Rather than dwell on the Comerica loss, Ameriprise executives on Thursday were quick to call attention to the firm’s addition of Huntington Bank as a client of its institutional division.
Huntington, which has turned to Ameriprise for brokerage, advisory and insurance services for its wealth management unit, Huntington Financial Advisors, is bringing roughly 260 advisors and $28 billion in client assets. Berman told analysts Thursday most of those assets will be added in the fourth quarter.
Ameriprise reported Thursday that net revenue for its Advice & Wealth Management segment rose by 14% year over year in the first quarter to $3.18 billion. Partially offsetting that was a 12% increase in operating expenses, which rose to just over $2.2 billion.
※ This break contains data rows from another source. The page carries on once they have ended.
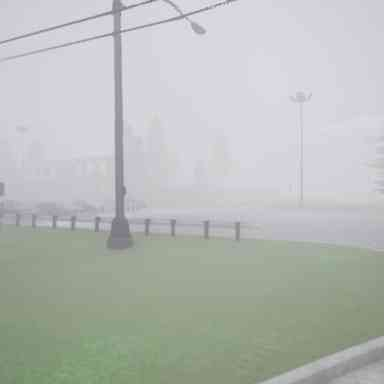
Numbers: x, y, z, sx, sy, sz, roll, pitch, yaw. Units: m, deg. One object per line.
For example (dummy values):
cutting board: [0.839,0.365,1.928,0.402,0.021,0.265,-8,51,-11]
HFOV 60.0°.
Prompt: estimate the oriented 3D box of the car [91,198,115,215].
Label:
car: [-9.883,1.330,31.033,4.674,1.442,1.812,0,1,26]

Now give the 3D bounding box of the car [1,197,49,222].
car: [-13.528,1.395,25.012,4.902,1.511,2.128,0,1,26]

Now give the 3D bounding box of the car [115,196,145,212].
car: [-7.516,1.353,33.751,4.718,1.301,1.895,0,1,26]

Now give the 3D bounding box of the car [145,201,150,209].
car: [-7.040,1.202,37.421,4.902,1.511,2.128,0,1,26]

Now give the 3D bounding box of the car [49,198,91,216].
car: [-11.449,1.400,27.888,5.357,1.411,2.033,0,1,26]

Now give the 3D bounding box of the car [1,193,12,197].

Ameriprise attributed the increase mostly to “distribution expenses,” which mainly consist of advisor compensation.
The segment’s pretax operating margin — or the percentage of revenue left over minus expenses except taxes — was up 1.5 percentage points in the first quarter to 30%. Ameriprise reported its advisors had produced $1.16 million over the past year on average, a figure up 10% and a record high.
Ameriprise no longer reports its exact advisor headcount. It has put the number in recent press releases at “more than 10,000.”
For all of its businesses, including divisions for asset management and retirement and protection services, Ameriprise reported its operating net revenues were up by 11% year over year to $4.8 billion in the first quarter. Its net income was up by 57% to $915 million.